Comment 4 William Cohen 2012-08-24 19:36:08 UTC
When comparing the output of "stap -v -v --vp 01020 -h" of the working and hanging versions of stap the hanging one has the following lines at the end of the output:

+Running rm -rf /tmp/stappdKUJd
+Spawn waitpid result (0x0): 0
+Removed temporary directory "/tmp/stappdKUJd"
Comment 5 William Cohen 2012-08-24 19:55:38 UTC
For cmd_parse14 doesn't seems to be exiting stap.
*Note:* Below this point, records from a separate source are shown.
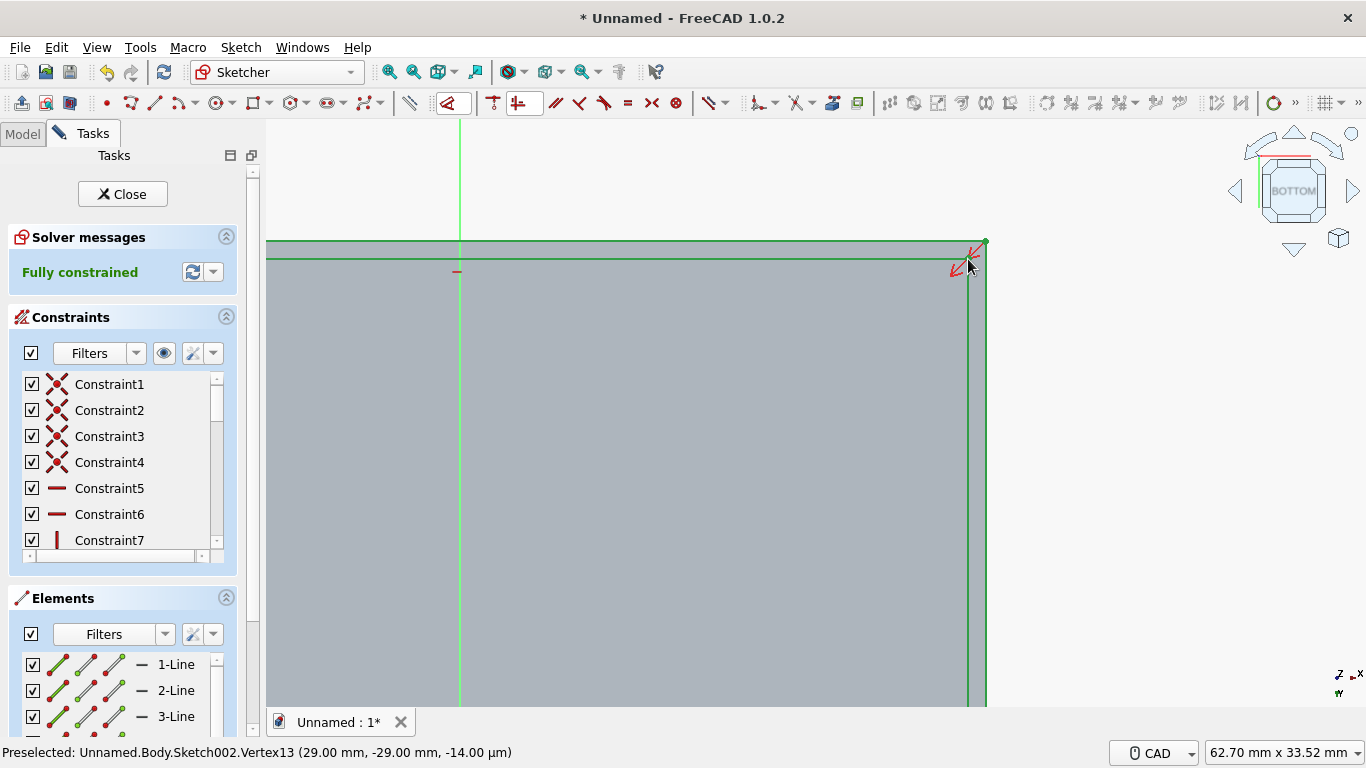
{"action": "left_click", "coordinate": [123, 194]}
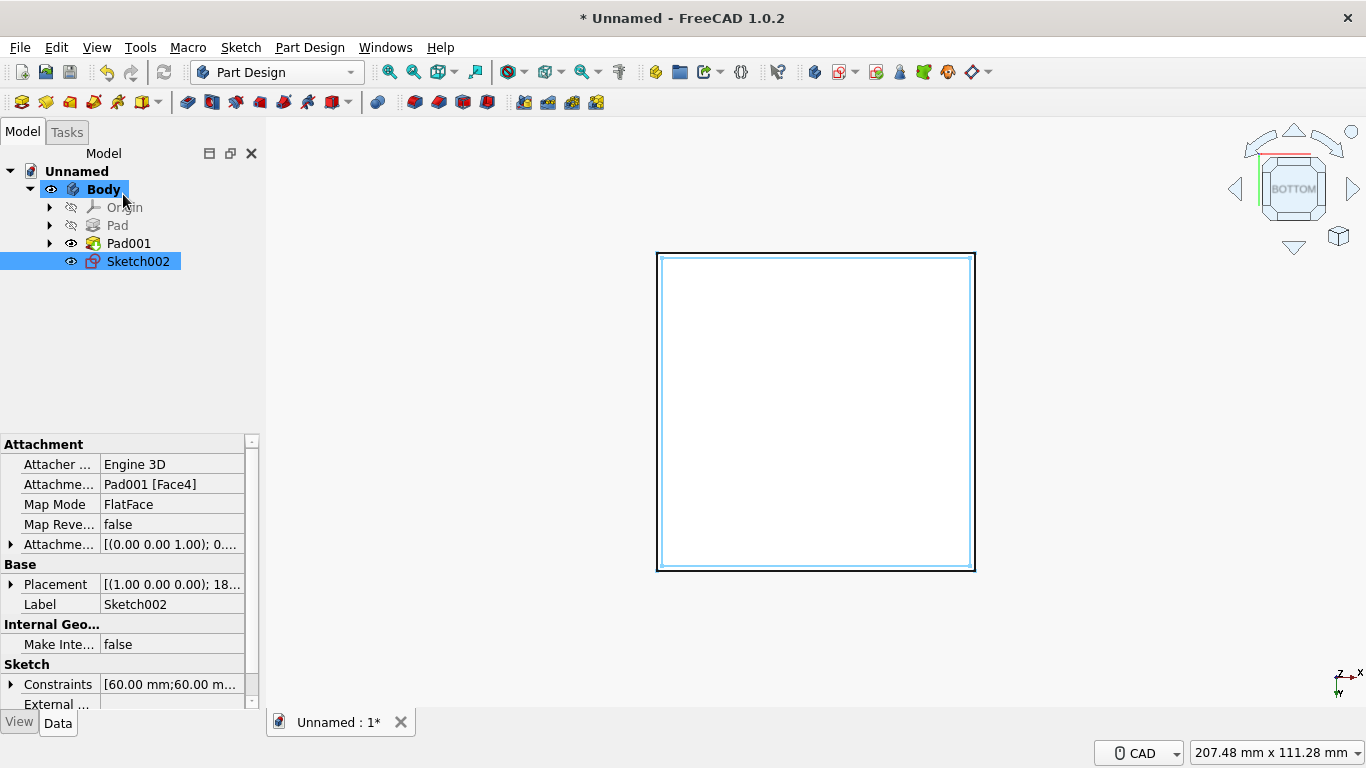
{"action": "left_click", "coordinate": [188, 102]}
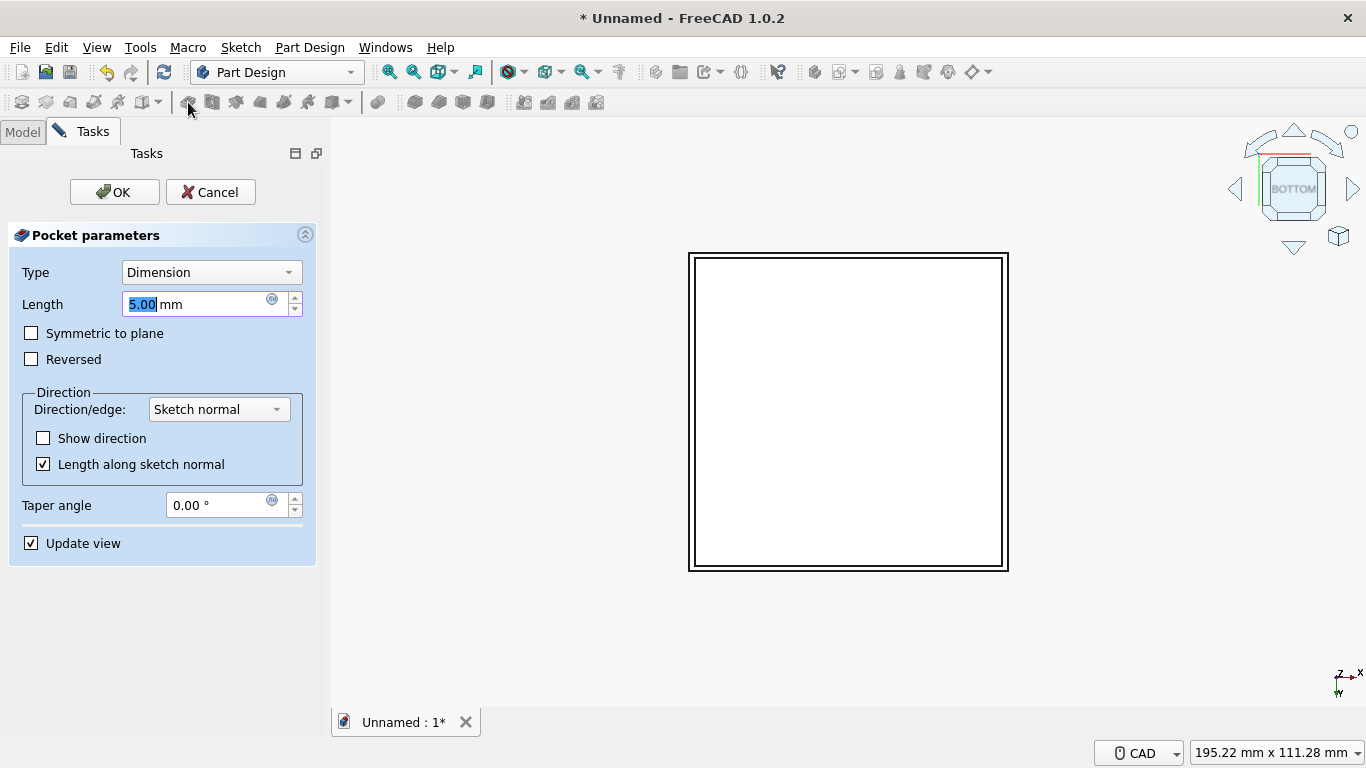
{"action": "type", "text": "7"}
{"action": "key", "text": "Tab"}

See something like the following pstee when running the test:

$ pstree -p 15099
make(15099)───sh(15100)───execrc(15136)───expect(15137)─┬─sh(15424)───stap(15427)
                                                        └─{expect}(15158)

Started gdb to see where stap is stuck:

(gdb) where
#0  0x00000034a52c5630 in __write_nocancel () from /lib64/libc.so.6
#1  0x00000034a526a6b3 in _IO_new_file_write (f=0x34a5551860, data=0xfbd14a8, 
    n=29) at fileops.c:1260
#2  0x00000034a526baf3 in _IO_new_file_xsputn (f=0x34a5551860, 
    data=<value optimized out>, n=29) at fileops.c:514
#3  0x00000034a5260dfb in _IO_fwrite (buf=0xfbd14a8, size=1, count=29, 
    fp=0x34a5551860) at iofwrite.c:45
#4  0x00000034aba8e5dd in std::basic_ostream<char, std::char_traits<char> >& std::operator<< <char, std::char_traits<char>, std::allocator<char> >(std::basic_ostream<char, std::char_traits<char> >&, std::basic_string<char, std::char_traits<char>, std::allocator<char> > const&) () from /usr/lib64/libstdc++.so.6
#5  0x000000000053dcee in stap_waitpid (verbose=<value optimized out>, 
    pid=15428) at ../systemtap/util.cxx:618
#6  0x0000000000540adc in stap_system (verbose=2, description="rm", 
    args=std::vector of length 3, capacity 4 = {...}, null_out=false, 
    null_err=<value optimized out>) at ../systemtap/util.cxx:817
#7  0x000000000041818a in stap_system (this=0x7fffe37b6830)
    at ../systemtap/util.h:73
#8  systemtap_session::remove_tmp_dir (this=0x7fffe37b6830)
    at ../systemtap/session.cxx:1781
#9  0x0000000000418497 in systemtap_session::~systemtap_session (this=0x2, 
    __in_chrg=<value optimized out>) at ../systemtap/session.cxx:360
#10 0x000000000041332b in main (argc=6, argv=0x7fffe37b71f8)
---Type <return> to continue, or q <return> to quit---
    at ../systemtap/main.cxx:1135
(gdb)
Comment 6 Josh Stone 2012-08-24 21:36:28 UTC
(In reply to comment #4)
> When comparing the output of "stap -v -v --vp 01020 -h" of the working and
> hanging versions of stap the hanging one has the following lines at the end of
> the output:
> 
> +Running rm -rf /tmp/stappdKUJd
> +Spawn waitpid result (0x0): 0
> +Removed temporary directory "/tmp/stappdKUJd"

This much is a good thing - exactly what the commit was intended to solve.

But it doesn't gel with:

(In reply to comment #5)
> #5  0x000000000053dcee in stap_waitpid (verbose=<value optimized out>, 
>     pid=15428) at ../systemtap/util.cxx:618

This line is the clog which prints the "Spawn waitpid..." above, plus

> #8  systemtap_session::remove_tmp_dir (this=0x7fffe37b6830)
>    at ../systemtap/session.cxx:1781

This is a couple lines before that which prints "Removed temporary directory".

So I don't see how that backtrace could possibly correspond with the new output.
Comment 7 Josh Stone 2012-09-07 19:31:13 UTC
I believe cmd_parse's issues are more of a testcase bug -- cloned to PR14560.